AI in healthcare is moving fast, and regulation is moving alongside it. If you’re not building with that in mind from day one, you’re building a product that won’t survive. After enough time navigating FDA pathways, I’ll say it directly: this isn’t optional, and it’s the difference between a demo and a deployable product.

Why So Many Healthcare AI Tools Fail

What worries me right now is how many companies are repeating the same mistakes. They’re moving fast, chasing headlines, and skipping the hard parts. We’ve seen this movie before in medtech, where overpromising leads to underdelivery, which leads to lost trust.

In women’s health, we don’t have the luxury of another cycle of that. Trust in healthcare is already fragile for women, who have been dismissed, misdiagnosed, and underrepresented for decades. If AI reinforces that experience, it sets the entire space back.
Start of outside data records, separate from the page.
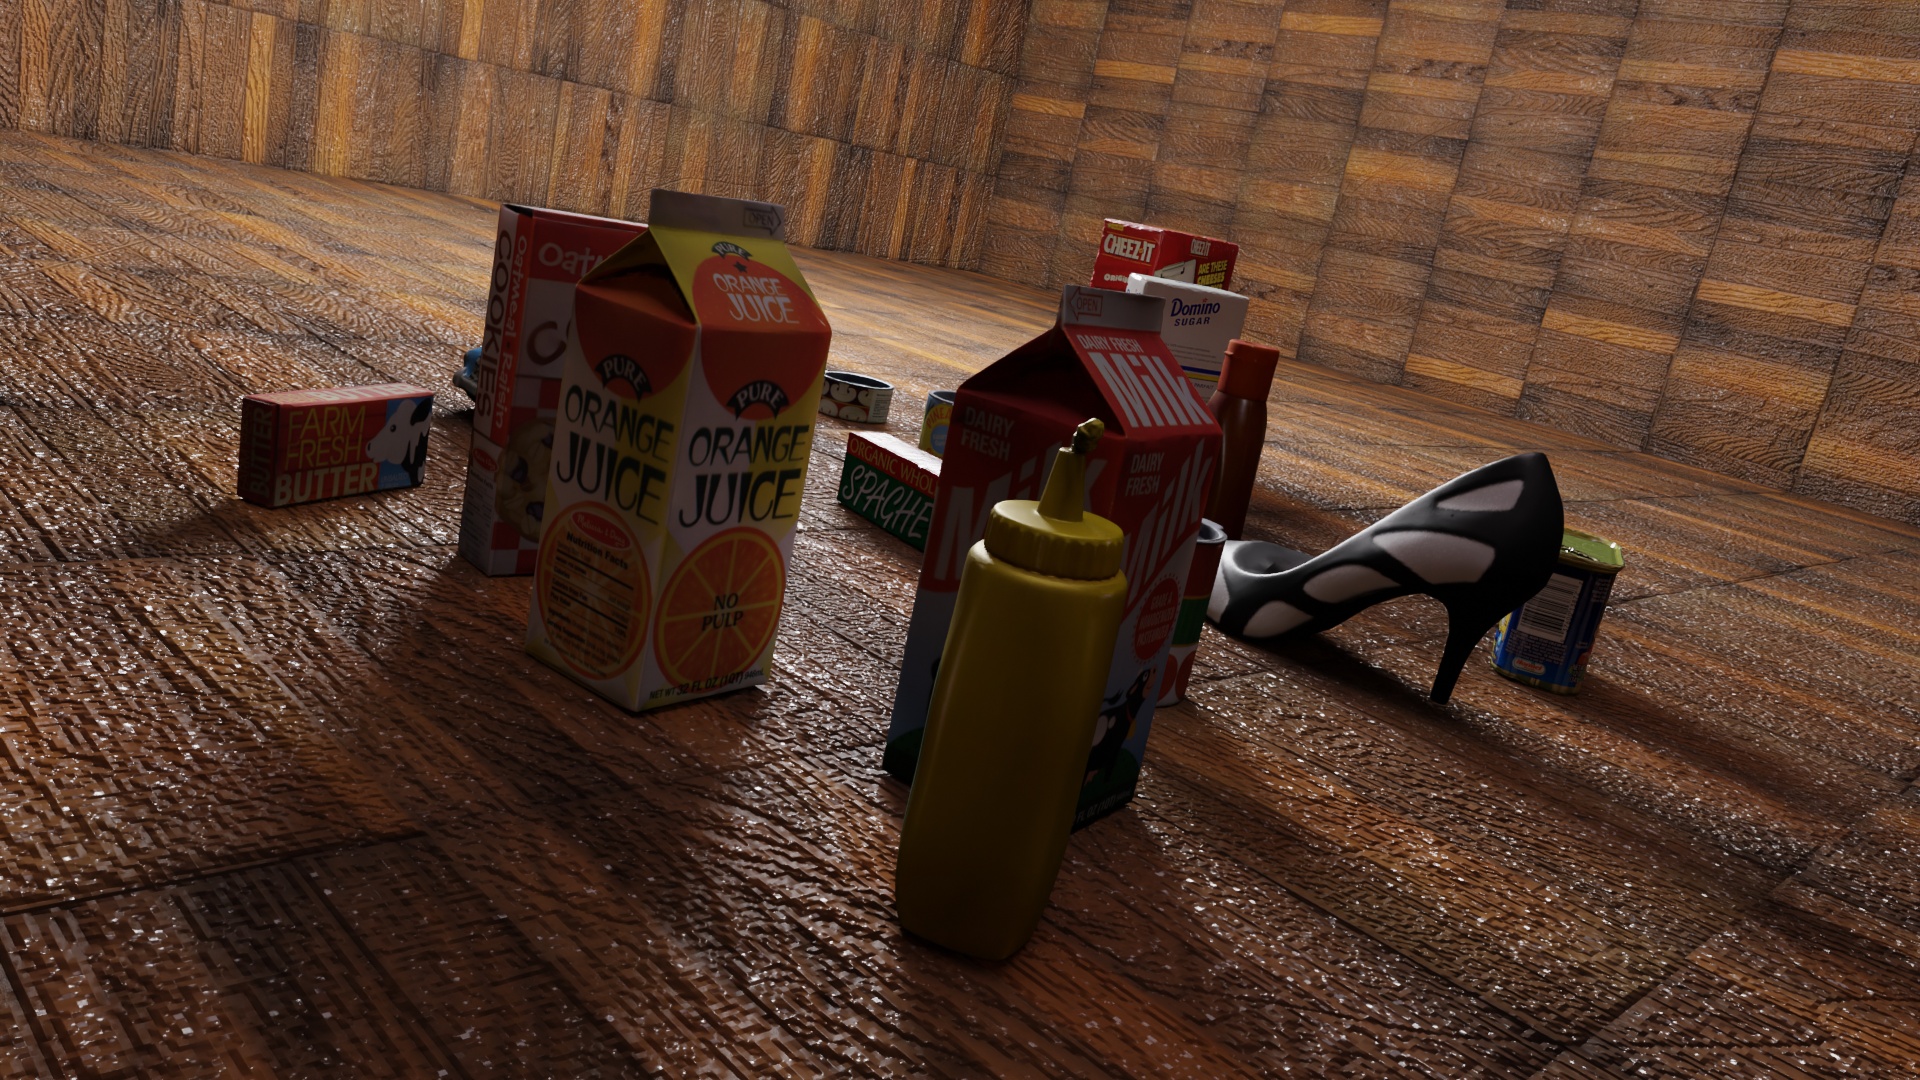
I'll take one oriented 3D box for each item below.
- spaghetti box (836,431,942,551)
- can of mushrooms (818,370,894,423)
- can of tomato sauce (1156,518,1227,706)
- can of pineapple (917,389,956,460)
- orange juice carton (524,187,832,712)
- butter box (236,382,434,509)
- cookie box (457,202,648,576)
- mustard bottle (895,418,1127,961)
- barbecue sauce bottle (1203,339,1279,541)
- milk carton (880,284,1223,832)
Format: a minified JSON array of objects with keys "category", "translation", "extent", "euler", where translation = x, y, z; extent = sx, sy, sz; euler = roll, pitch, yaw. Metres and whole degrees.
[{"category":"spaghetti box","translation":[0.003,-0.010,0.817],"extent":[0.029,0.050,0.250],"euler":[1,18,-37]},{"category":"can of mushrooms","translation":[-0.096,-0.127,1.225],"extent":[0.071,0.033,0.071],"euler":[11,14,-3]},{"category":"can of tomato sauce","translation":[0.086,0.029,0.666],"extent":[0.071,0.083,0.071],"euler":[11,14,-3]},{"category":"can of pineapple","translation":[0.001,-0.081,1.076],"extent":[0.071,0.057,0.071],"euler":[11,14,-3]},{"category":"orange juice carton","translation":[-0.108,-0.038,0.542],"extent":[0.073,0.192,0.072],"euler":[21,16,33]},{"category":"butter box","translation":[-0.314,-0.050,0.703],"extent":[0.024,0.053,0.104],"euler":[17,15,20]},{"category":"cookie box","translation":[-0.165,-0.069,0.666],"extent":[0.123,0.167,0.040],"euler":[-1,19,-43]},{"category":"mustard bottle","translation":[0.018,0.040,0.409],"extent":[0.049,0.159,0.065],"euler":[15,14,11]},{"category":"barbecue sauce bottle","translation":[0.194,-0.069,1.004],"extent":[0.044,0.148,0.065],"euler":[8,14,-16]},{"category":"milk carton","translation":[0.036,0.004,0.502],"extent":[0.073,0.190,0.072],"euler":[21,16,33]}]
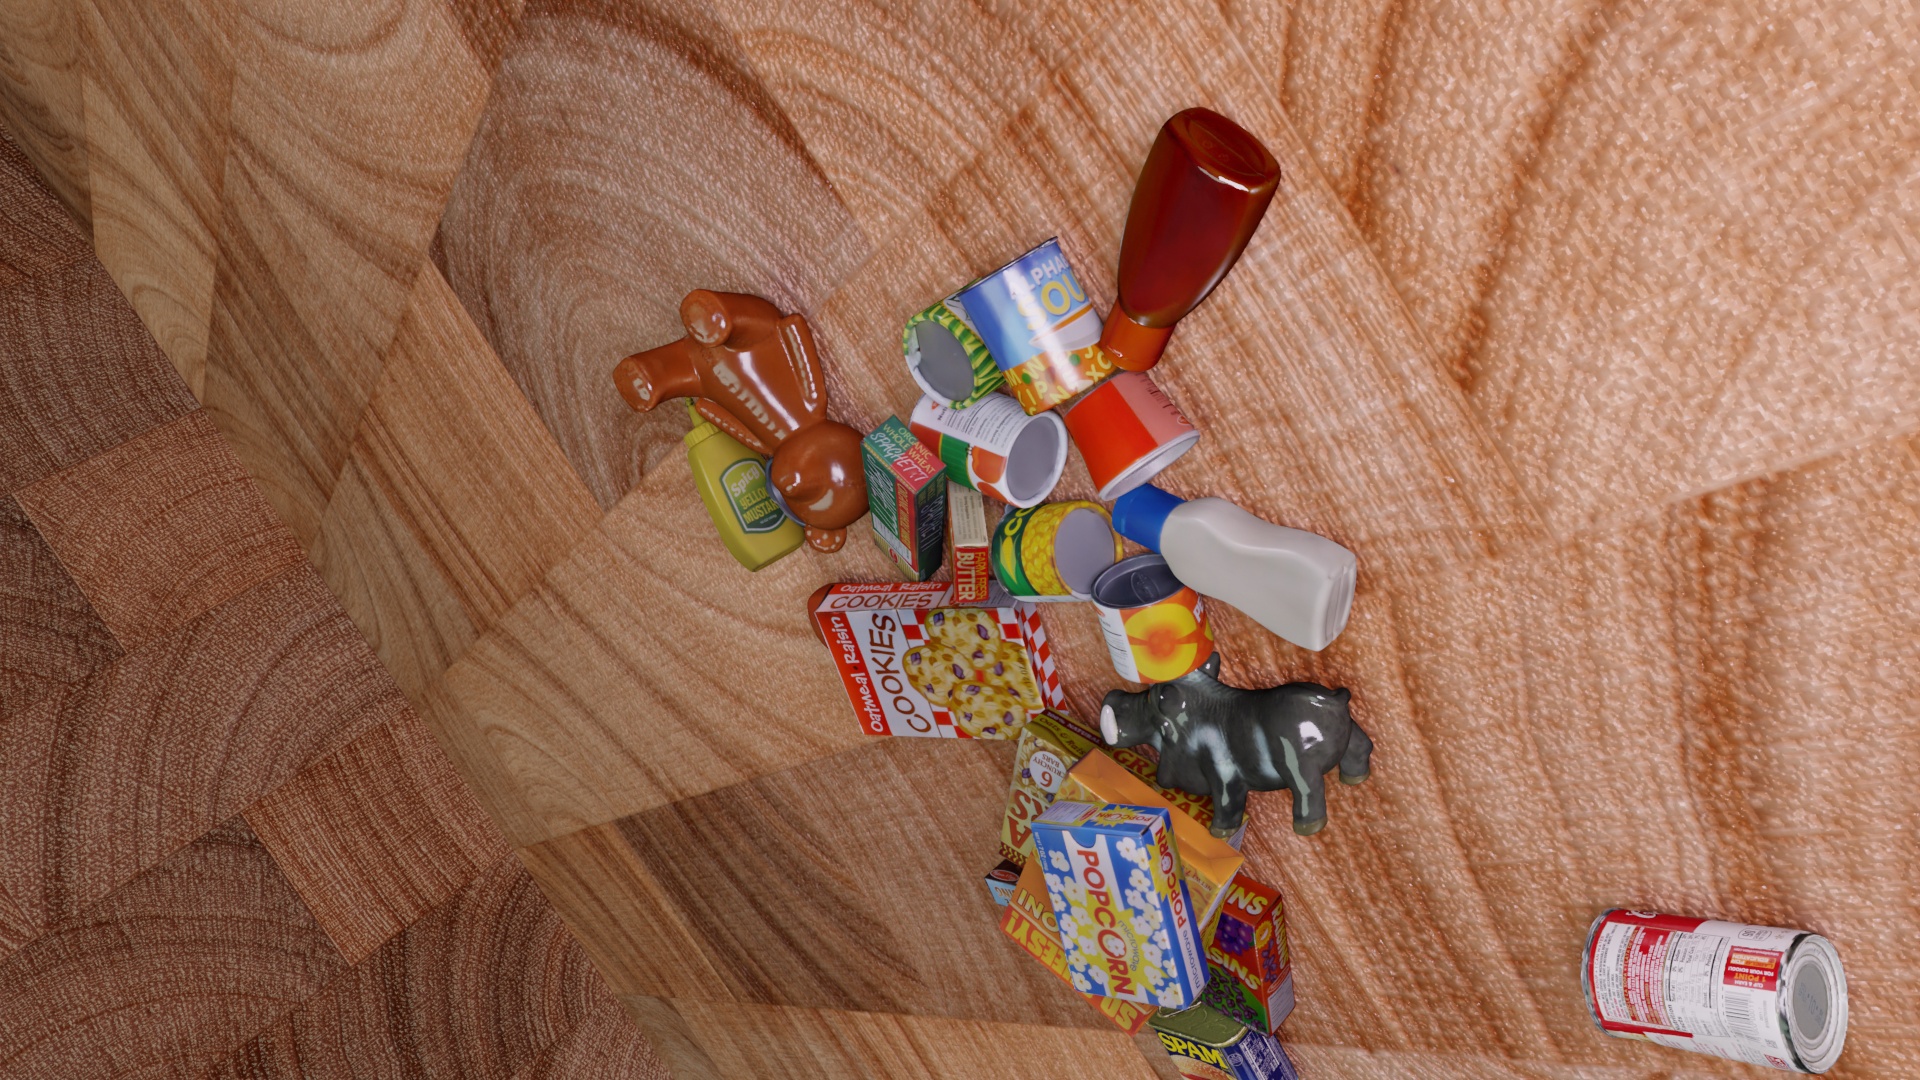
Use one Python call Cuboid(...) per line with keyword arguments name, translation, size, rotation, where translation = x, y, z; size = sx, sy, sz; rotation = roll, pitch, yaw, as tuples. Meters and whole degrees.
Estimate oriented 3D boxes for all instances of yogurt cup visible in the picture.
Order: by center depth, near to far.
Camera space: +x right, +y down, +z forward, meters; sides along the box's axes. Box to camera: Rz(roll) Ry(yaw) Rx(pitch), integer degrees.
Cuboid(name="yogurt cup", translation=(0.096, -0.063, 0.804), size=(0.054, 0.073, 0.072), rotation=(58, 148, 9))

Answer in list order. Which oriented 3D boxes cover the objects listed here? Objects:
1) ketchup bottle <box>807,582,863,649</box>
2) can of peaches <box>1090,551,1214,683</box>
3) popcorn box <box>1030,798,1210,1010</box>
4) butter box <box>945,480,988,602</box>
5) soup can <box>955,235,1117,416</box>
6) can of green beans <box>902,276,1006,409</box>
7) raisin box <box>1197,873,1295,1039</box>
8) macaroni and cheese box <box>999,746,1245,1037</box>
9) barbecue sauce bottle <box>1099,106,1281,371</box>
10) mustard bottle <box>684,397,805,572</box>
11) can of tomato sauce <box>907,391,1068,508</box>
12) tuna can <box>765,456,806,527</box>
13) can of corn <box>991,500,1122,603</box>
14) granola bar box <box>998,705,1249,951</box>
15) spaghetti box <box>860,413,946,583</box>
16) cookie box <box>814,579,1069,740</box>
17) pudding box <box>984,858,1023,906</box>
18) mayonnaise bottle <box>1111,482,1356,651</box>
Cuboid(name="ketchup bottle", translation=(-0.066, 0.066, 1.140), size=(0.148, 0.044, 0.064), rotation=(-3, 118, 52))
Cuboid(name="can of peaches", translation=(0.123, 0.047, 0.870), size=(0.071, 0.071, 0.058), rotation=(10, 127, 47))
Cuboid(name="popcorn box", translation=(0.102, 0.231, 0.887), size=(0.085, 0.038, 0.126), rotation=(-4, 107, 40))
Cuboid(name="butter box", translation=(0.003, -0.012, 0.944), size=(0.104, 0.024, 0.052), rotation=(-96, 4, -47))
Cuboid(name="soup can", translation=(0.048, -0.124, 0.806), size=(0.071, 0.072, 0.083), rotation=(-18, 105, 56))
Cuboid(name="can of green beans", translation=(0.006, -0.123, 0.866), size=(0.071, 0.058, 0.071), rotation=(31, 141, 30))
Cuboid(name="raisin box", translation=(0.198, 0.297, 1.025), size=(0.086, 0.040, 0.122), rotation=(19, 134, 42))
Cuboid(name="macaroni and cheese box", translation=(0.105, 0.240, 0.944), size=(0.124, 0.040, 0.165), rotation=(35, 128, 22))
Cuboid(name="barbecue sauce bottle", translation=(0.111, -0.149, 0.726), size=(0.065, 0.044, 0.147), rotation=(44, 146, 16))
Cuboid(name="mustard bottle", translation=(-0.193, -0.053, 1.175), size=(0.160, 0.065, 0.048), rotation=(59, 151, -1))
Cuboid(name="can of tomato sauce", translation=(0.019, -0.062, 0.899), size=(0.083, 0.071, 0.070), rotation=(23, 136, 37))
Cuboid(name="tuna can", translation=(-0.125, -0.046, 1.122), size=(0.071, 0.033, 0.070), rotation=(32, 141, 30))
Cuboid(name="can of corn", translation=(0.062, 0.005, 0.905), size=(0.058, 0.071, 0.071), rotation=(-4, 116, 52))
Cuboid(name="granola bar box", translation=(0.110, 0.209, 0.983), size=(0.166, 0.039, 0.123), rotation=(26, 125, 28))
Cuboid(name="spaghetti box", translation=(-0.037, -0.021, 0.955), size=(0.050, 0.029, 0.249), rotation=(45, 168, 10))
Cuboid(name="cookie box", translation=(-0.014, 0.091, 1.050), size=(0.167, 0.040, 0.122), rotation=(-3, 121, 27))
Cuboid(name="pudding box", translation=(0.067, 0.288, 1.170), size=(0.083, 0.050, 0.030), rotation=(0, 118, 50))
Cuboid(name="mayonnaise bottle", translation=(0.157, 0.007, 0.813), size=(0.148, 0.041, 0.064), rotation=(29, 136, 35))
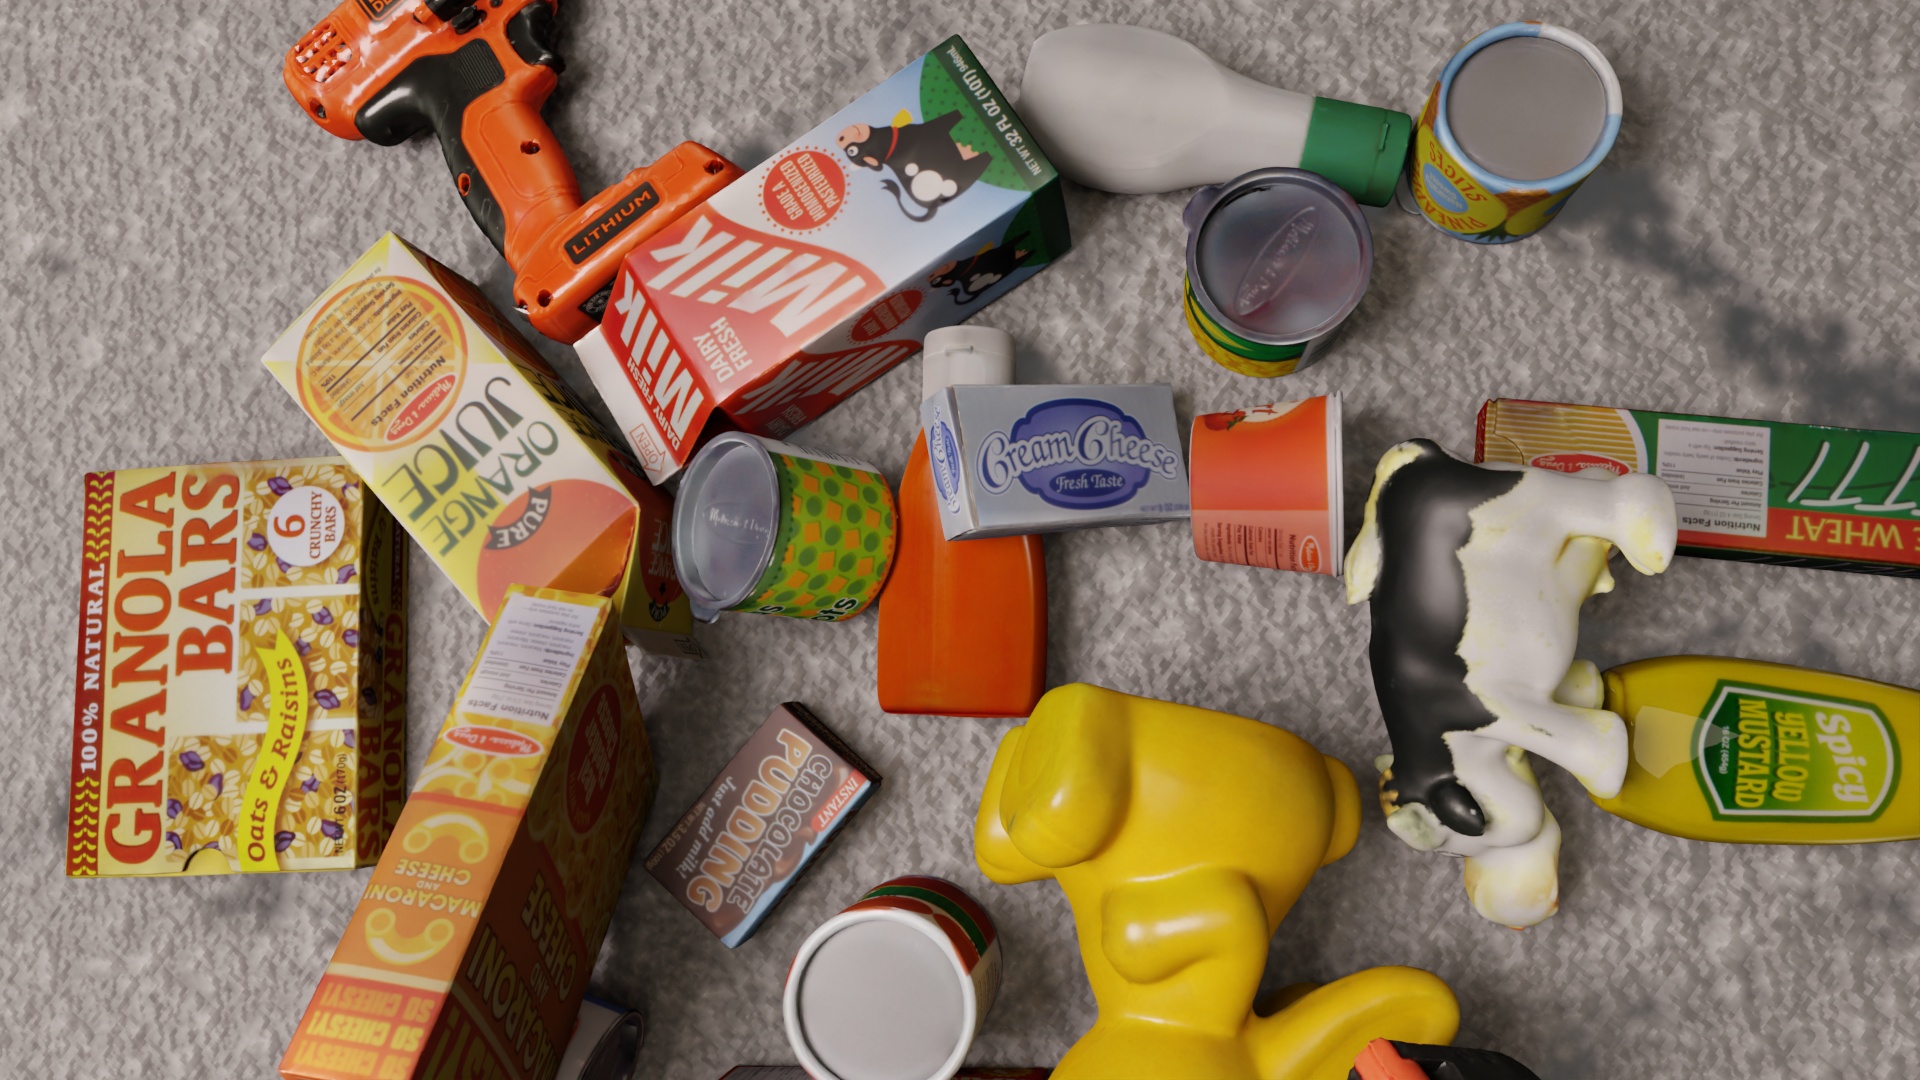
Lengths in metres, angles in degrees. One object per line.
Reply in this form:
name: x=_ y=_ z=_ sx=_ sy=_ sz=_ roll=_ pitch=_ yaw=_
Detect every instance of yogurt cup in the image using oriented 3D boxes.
yogurt cup: x=0.114 y=-0.020 z=0.514 sx=0.054 sy=0.072 sz=0.072 roll=-1 pitch=83 yaw=15

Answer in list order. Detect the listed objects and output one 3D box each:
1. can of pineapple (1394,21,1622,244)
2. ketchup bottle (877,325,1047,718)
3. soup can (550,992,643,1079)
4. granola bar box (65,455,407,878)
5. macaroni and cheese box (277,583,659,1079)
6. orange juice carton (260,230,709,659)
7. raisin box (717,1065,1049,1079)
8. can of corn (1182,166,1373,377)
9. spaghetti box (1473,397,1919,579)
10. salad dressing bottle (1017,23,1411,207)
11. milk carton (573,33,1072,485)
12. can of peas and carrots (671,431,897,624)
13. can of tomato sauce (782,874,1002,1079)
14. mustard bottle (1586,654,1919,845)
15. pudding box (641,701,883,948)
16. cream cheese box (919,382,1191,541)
can of pineapple: x=0.204 y=-0.150 z=0.522 sx=0.071 sy=0.058 sz=0.071 roll=-1 pitch=83 yaw=7
ketchup bottle: x=0.002 y=-0.007 z=0.535 sx=0.065 sy=0.043 sz=0.149 roll=0 pitch=82 yaw=14
soup can: x=-0.172 y=0.196 z=0.520 sx=0.084 sy=0.071 sz=0.071 roll=17 pitch=85 yaw=10
granola bar box: x=-0.293 y=0.051 z=0.566 sx=0.124 sy=0.039 sz=0.165 roll=-3 pitch=82 yaw=7
macaroni and cheese box: x=-0.149 y=0.117 z=0.460 sx=0.040 sy=0.123 sz=0.167 roll=8 pitch=50 yaw=4
orange juice carton: x=-0.173 y=-0.023 z=0.544 sx=0.073 sy=0.072 sz=0.193 roll=-44 pitch=80 yaw=0
raisin box: x=-0.028 y=0.239 z=0.509 sx=0.123 sy=0.040 sz=0.086 roll=-2 pitch=82 yaw=6
can of corn: x=0.116 y=-0.101 z=0.526 sx=0.071 sy=0.058 sz=0.071 roll=-1 pitch=83 yaw=7
spaghetti box: x=0.317 y=-0.015 z=0.505 sx=0.250 sy=0.028 sz=0.050 roll=6 pitch=83 yaw=8
salad dressing bottle: x=0.098 y=-0.162 z=0.544 sx=0.148 sy=0.044 sz=0.064 roll=13 pitch=83 yaw=7
milk carton: x=-0.056 y=-0.101 z=0.539 sx=0.190 sy=0.073 sz=0.072 roll=-33 pitch=77 yaw=2
can of peas and carrots: x=-0.066 y=-0.001 z=0.522 sx=0.071 sy=0.059 sz=0.071 roll=-10 pitch=76 yaw=45
can of tomato sauce: x=-0.024 y=0.158 z=0.496 sx=0.071 sy=0.083 sz=0.071 roll=-1 pitch=83 yaw=7
mustard bottle: x=0.307 y=0.075 z=0.484 sx=0.160 sy=0.049 sz=0.065 roll=3 pitch=86 yaw=8
pudding box: x=-0.075 y=0.109 z=0.536 sx=0.050 sy=0.030 sz=0.083 roll=41 pitch=89 yaw=9
cream cheese box: x=0.038 y=-0.030 z=0.514 sx=0.104 sy=0.024 sz=0.053 roll=-4 pitch=80 yaw=-32

Women’s Health Is the Test Case for Healthcare AI

The bigger point sits one level up. Every company deploying AI in healthcare right now is making choices that will determine who benefits and who gets left behind. Women’s health is the most visible example of what happens when those choices skew toward speed and convenience instead of rigor.

We’re at an inflection point. The combination of increased investment, regulatory momentum, and technological capability means the next few years will define how AI shows up in healthcare for the next decade. The companies that get it right will compound advantage. The companies that don’t will produce expensive failures that take a long time to unwind.

The Bar for Building Healthcare AI Right

For anyone building or deploying AI in healthcare, the bar is simple to state and harder to meet. Interrogate the data, including who’s missing, who’s underrepresented, and what assumptions the dataset embeds. Design for real populations rather than idealized ones. Validate in the environments where the product will actually be used, not the ones where validation is easiest. Build with regulatory and clinical rigor from day one. And stay honest about what the technology can and cannot do.

Most importantly, stop treating women’s health as an edge case.

AI is already transforming women’s health. What’s still being decided is whether companies build the version that closes outcome gaps or the version that scales the bias that created them. Those choices are getting made right now.